Iron ore prices soar
Out of the production taken out by Vale, a significant proportion of iron ore pellets was also impacted, which is Cleveland-Cliffs’ (CLF) main product in the US market. During Cleveland-Cliffs’ Q1 conference call, CEO Lourenco Goncalves said, “Several people directly or indirectly involved with the industry initially believed that the lost production in Brazil would not be meaningful and would be easily replaced or brought back online. That did not happen and will not happen.”
Goncalves doesn’t see a short or a medium-term solution to these disruptions and expects iron ore prices and pellet premiums to gain even more and stay high for awhile as a result.
Steel prices expected to gain
In addition to seaborne iron ore prices, Goncalves also thinks that steel prices could improve as the new normal in the market gets established.
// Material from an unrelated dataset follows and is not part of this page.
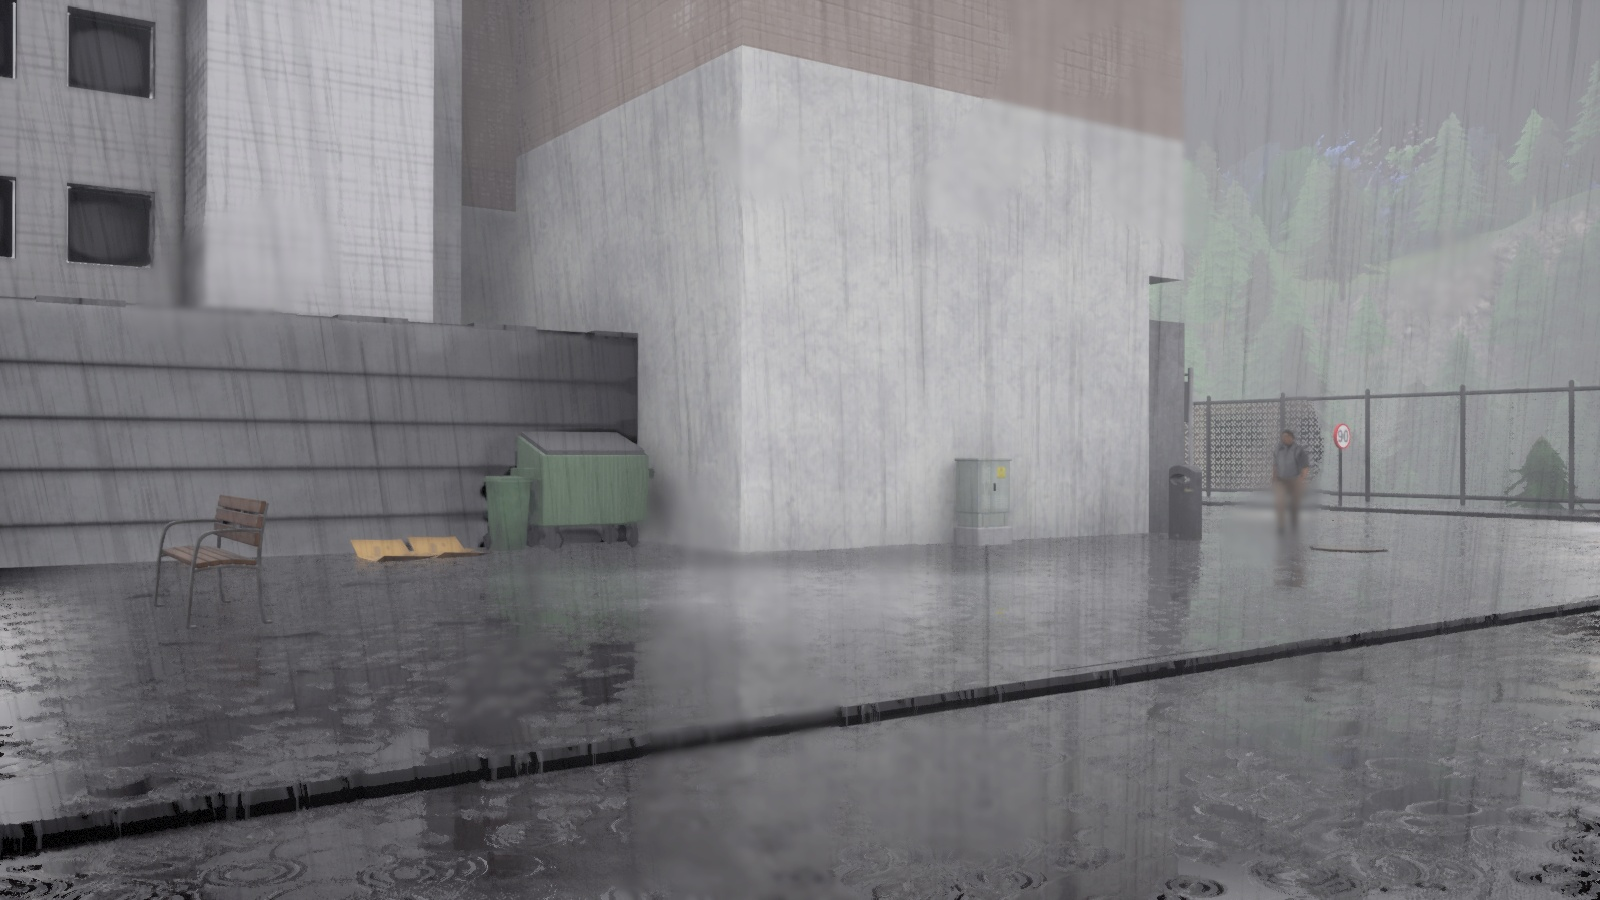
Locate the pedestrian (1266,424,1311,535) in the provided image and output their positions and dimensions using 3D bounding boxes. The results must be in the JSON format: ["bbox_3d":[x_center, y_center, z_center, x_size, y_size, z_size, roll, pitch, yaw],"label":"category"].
[{"bbox_3d":[8.267,0.489,21.256,0.540,1.848,0.694,0,0,36],"label":"pedestrian"}]

Seaborne iron ore exporters including BHP Billiton (BHP), Vale (VALE), and Rio Tinto (RIO) form more than two-thirds of the total seaborne iron ore supply. Due to the supply tightness and Chinese steel demand, these miners are reaping the benefits of higher iron ore prices. If steel prices also soar as predicted by Goncalves, domestic steel players AK Steel (AKS) and U.S. Steel (X) could have windfall gains.